I'm trying to improve my proof writing due to exams. Is my reasoning even correct in the first place and understandable? If not what could be improved?
Edit: $s$ is an upper bound; s=sup(A) $\iff$ $\forall \epsilon>0 \exists x \in A : s-\epsilon< x \leq s$
We're going proof the two directions separat.
$\forall \epsilon>0 \exists x \in A : s-\epsilon< x \leq s$ $\implies$ $s=sup(A)$. Assume this were not the case. Since $s$ is an upper bound due to $x\leq s$ and because $s\neq sup(A)$ we find $sup(A)< s$. We can also rephrase this slightly. There is an $\epsilon>0$ such that $sup(A)+\epsilon=s$. But then $sup(A)=s-\epsilon$ and substituting this into $s-\epsilon<x$ yields sup(A)<x. A contradiction, because $sup(A)$ is an upper bound.

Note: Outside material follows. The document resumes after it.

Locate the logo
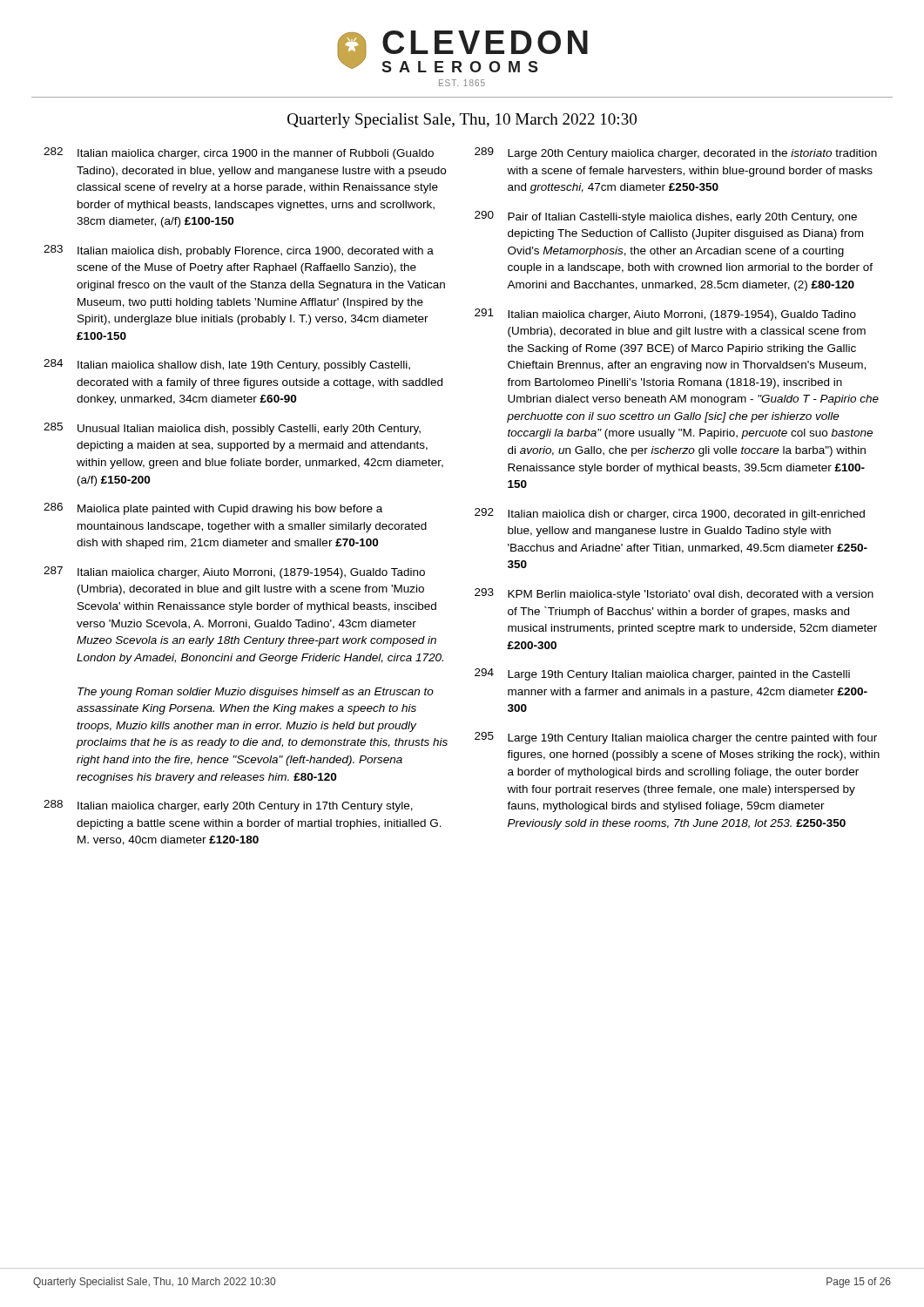 coord(462,48)
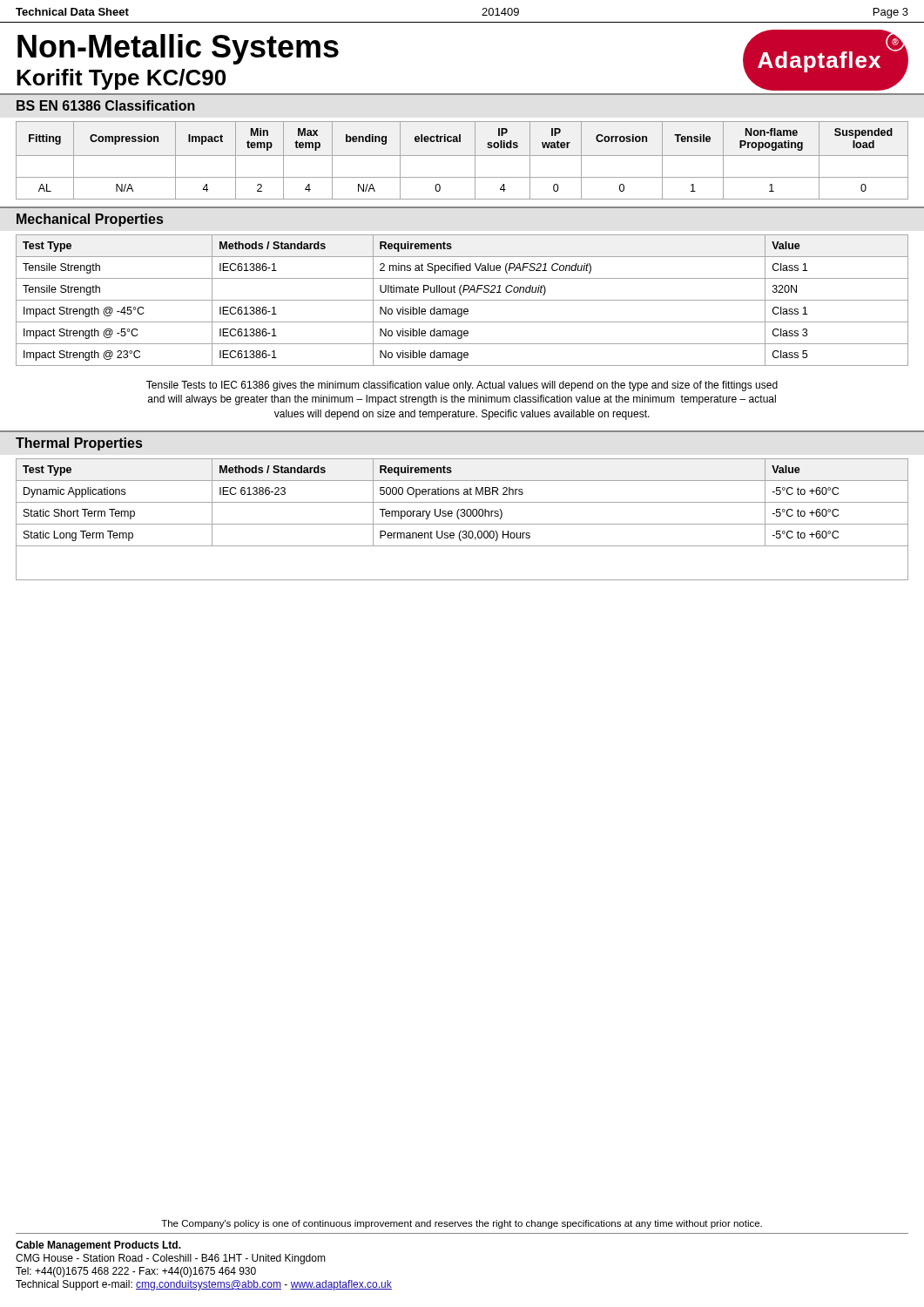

$s=sup(A) $$\implies$ $\forall \epsilon>0 \exists x \in A : s-\epsilon< x \leq s$. The first inequality $x \leq s$ is true virtually by definition. $s$ is an upper bound. The second inequality is true because $s$ is the least upper bound but $s-\epsilon < sup(A)$ so $s-\epsilon$ cannot be an upper bound thus there exists an $x$ $s-\epsilon<x$. qed.